Here's your place to come talk about sex and love whenever you feel like it.
Greetings xoJaners. Apologies for my radio silence, I’ve been busy projecting imaginary illnesses onto my cat and researching black ankle boots for the majority of the past six months -- but I got a signal boost from one of you guys the other day in the comments section so I thought I’d pull my finger out and get back on the xoJane train.
I thought I’d write something about all the different things you can do instead of celebrating Valentine’s Day tomorrow, because WHO NEEDS ROMANCE ANYWAY?
I have complex feelings about Valentines. On one hand, I think it’s a nice celebration and a time to reflect and appreciate each other. And I like presents.
On the other hand, I know it’s complete horseshit that’s peddled by card companies to make money. But if there’s something I’m good at, it’s spending money, so who am I to argue? And, again, I like presents.
I’ve spent the last six years trying to enforce some kind of romanticism into my boyfriend, and I think I’ve finally gathered that that old dog certainly isn’t learning any new tricks soon.
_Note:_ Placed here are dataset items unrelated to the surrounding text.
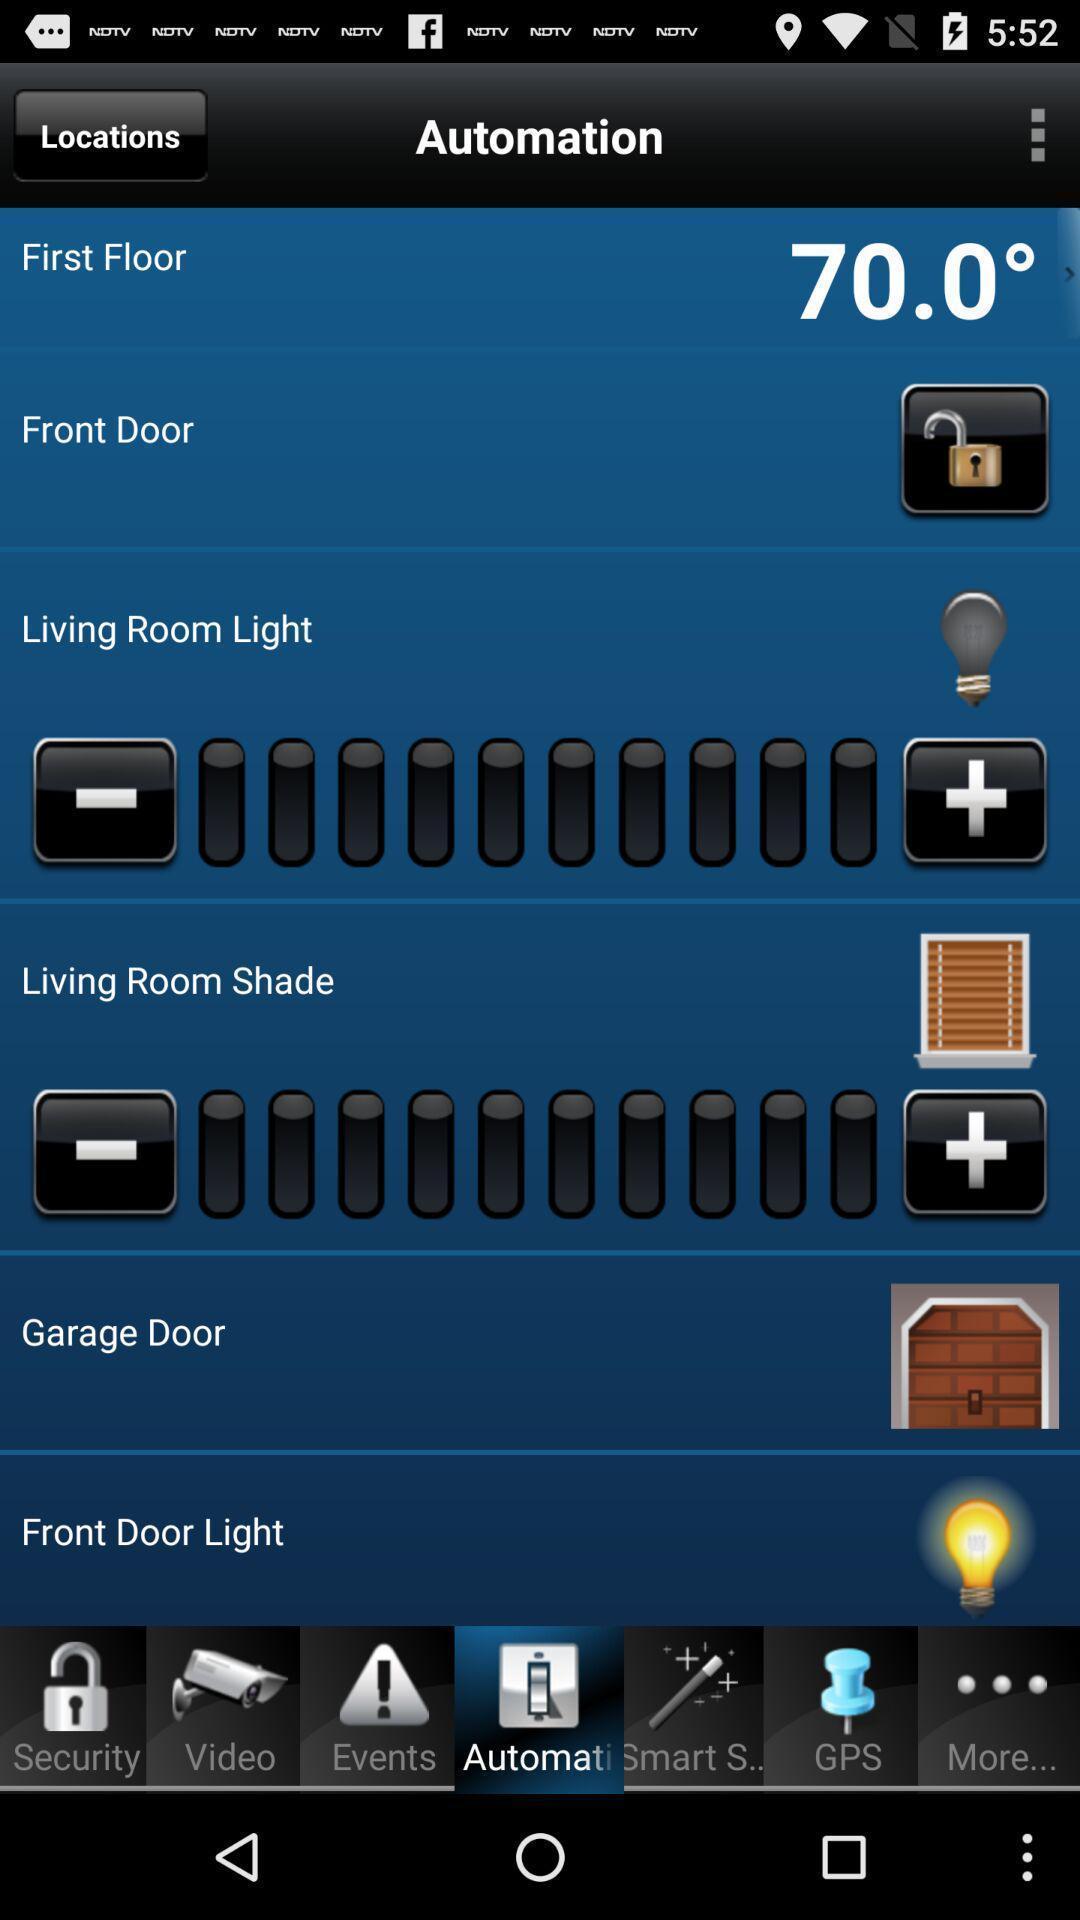Explain the elements present in this screenshot. Various options. 
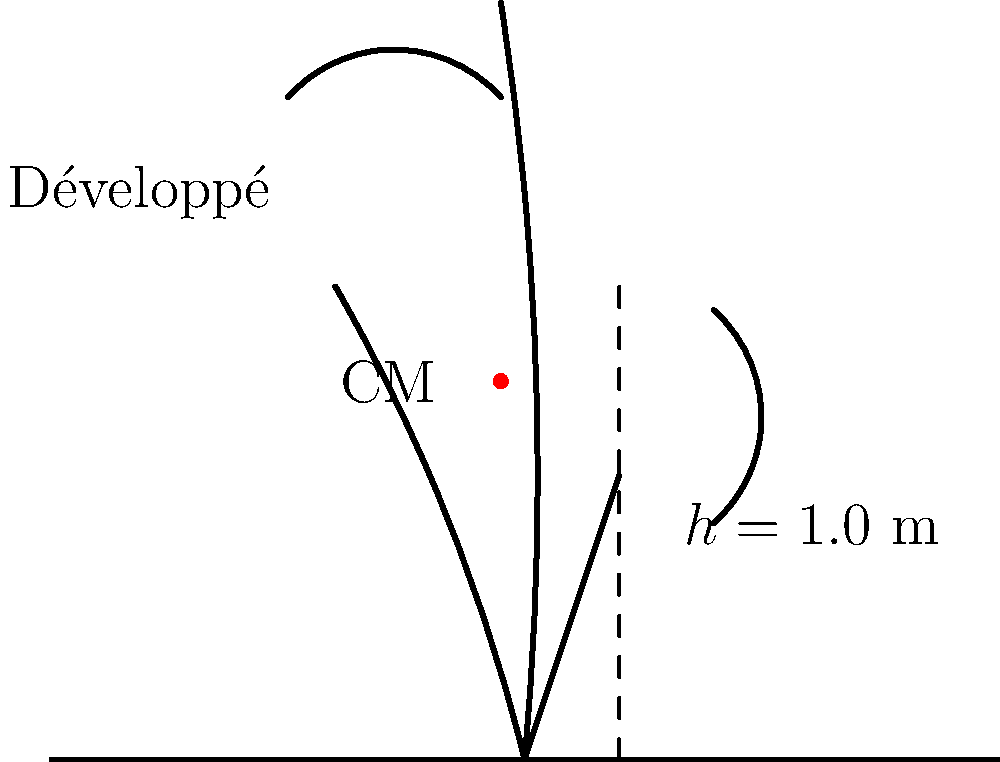A ballet dancer performs a développé, raising their leg to a height of 1.0 m as shown in the figure. If the dancer's center of mass (CM) rises by 0.2 m during this movement and the dancer has a mass of 50 kg, calculate the change in gravitational potential energy and the minimum kinetic energy required to perform this movement. Assume g = 9.8 m/s². Let's approach this step-by-step:

1. Change in Gravitational Potential Energy:
   The change in gravitational potential energy is given by the formula:
   $$\Delta PE = m \cdot g \cdot \Delta h$$
   Where:
   $m$ = mass of the dancer = 50 kg
   $g$ = acceleration due to gravity = 9.8 m/s²
   $\Delta h$ = change in height of the center of mass = 0.2 m

   Plugging in the values:
   $$\Delta PE = 50 \text{ kg} \cdot 9.8 \text{ m/s²} \cdot 0.2 \text{ m} = 98 \text{ J}$$

2. Minimum Kinetic Energy:
   The minimum kinetic energy required to perform this movement would be equal to the change in potential energy. This is because, in an ideal scenario, all the initial kinetic energy would be converted to potential energy at the highest point of the movement.

   Therefore, the minimum kinetic energy is also 98 J.

Note: In reality, the kinetic energy required would be slightly higher due to factors like air resistance and muscle inefficiencies, but for the purposes of this physics problem, we assume an ideal scenario.
Answer: Change in PE = 98 J, Minimum KE = 98 J

Saying that, we are going for a meal at my favorite tapas place where I will drink gallons of sangria and port and panic about not getting enough jambon croquettes (pro tip: there are never enough jambon croquettes, ever, anywhere), and we’ll exchange gifts and cards, ‘cos consumerism, and I’ll probably Instagram it all and add the Amaro filter as that’s the one that looks the most dreamy in my humble opinion.
BUT -- if we weren’t doing that, or if suddenly he is called out of town on a secret mission and I am left to my own devices -- here’s what I would be doing instead.
Listening to Saint Etienne’s "He’s on the Phone" over and over again
Seriously, this song is a fucking banger!
I’m currently on a '90s hype on Spotify and I just rediscovered it. The tinkly piano! Sarah Cracknell’s breathy vocals! The euro-trance backing! GOD. It’s just a slice of pop perfection. After listening to that approximately 30 times, I might move onto "Stars" by Dubstar.
Putting my cat in a headlock and telling her I love her
We got a new cat! Well, she’s actually five, so she’s not that new, but she’s new to us. She’s a DIVA. She needed rehoming so I just said, "Yeah I’ll have her, no I don’t need any further details just bring her now please, yes now no further details required" without telling Chris. BEST IDEA EVER!
She’s absolutely massive and she has little bald patches on her tummy and she’s a pain in the arse. She punches me in the face at 5 a.m. every morning and then screams MIAOW in my ear until I get up and feed her, and then comes and sits on my head because it’s the warmest spot on the bed, next to the radiator. I love her so much it actually pains me.
Watching "Gossip Girl" in bed
Oh my god. How have I never discovered this? I just started watching it on Netflix and I’ll never look back.
It’s so trashy! It almost fills the gaping hole that "The O.C." left. Almost, as I’m not sure anything can actually fill the chasm that Seth and Ryan left behind when the show ended. But close. I still don’t know any of their names five episodes in, so I just refer to them by their hair or their real names, which is fine.
Eating peanut butter out of the jar with a spoon
AS IF YOU HAVEN’T DONE THIS. Eating peanut butter out of the jar with a spoon is one of life’s purest and undeniable pleasures. I’ve pretty much cracked the technique: stand in the kitchen at the cupboard, preferably only in underwear, grab a small spoon, give your jar of choice a stir, get a heaped spoonful, and lick it off the spoon from the outside in. Repeat.
My favourite peanut butters, in order, are:
Peter Pan Extra Crunchy (can’t get this in the UK. Worst ever.)
Jif Crunchy (see above. Maybe someone send me some?)
Meridian Organic Crunchy - a bit healthy but assuages some of the inevitable after-guilt
Under no circumstance is Sun Pat acceptable.
Planning revenge against my hairdresser
Last week I sat in the hairdressers for THREE HOURS while my stylist faffed about and kept running off and fucked my hair up. The blondes amongst you will know that when you say you want "ash," it means "don’t allow any warmth in AT ALL or bad things will happen." Sadly, the stylist, in-between running off every five minutes for a cigarette or to catch up on Eastenders or something, completely disregarded this and now I have orange roots.
I can’t be arsed to go and sit there for another three hours while it’s corrected, so instead I’ll just sit in the bath with a pile of purple toning shampoo on my head whilst plotting my revenge.
So guys, there’s a whole heap of things I might do if I weren’t going to eat a shitload of tapas. Maybe I’ll cancel and do all of that instead? It sounds like a pretty ideal evening if you ask me.
What are you doing tomorrow? Got any plans? What are your top five peanut butters? I’ve missed you.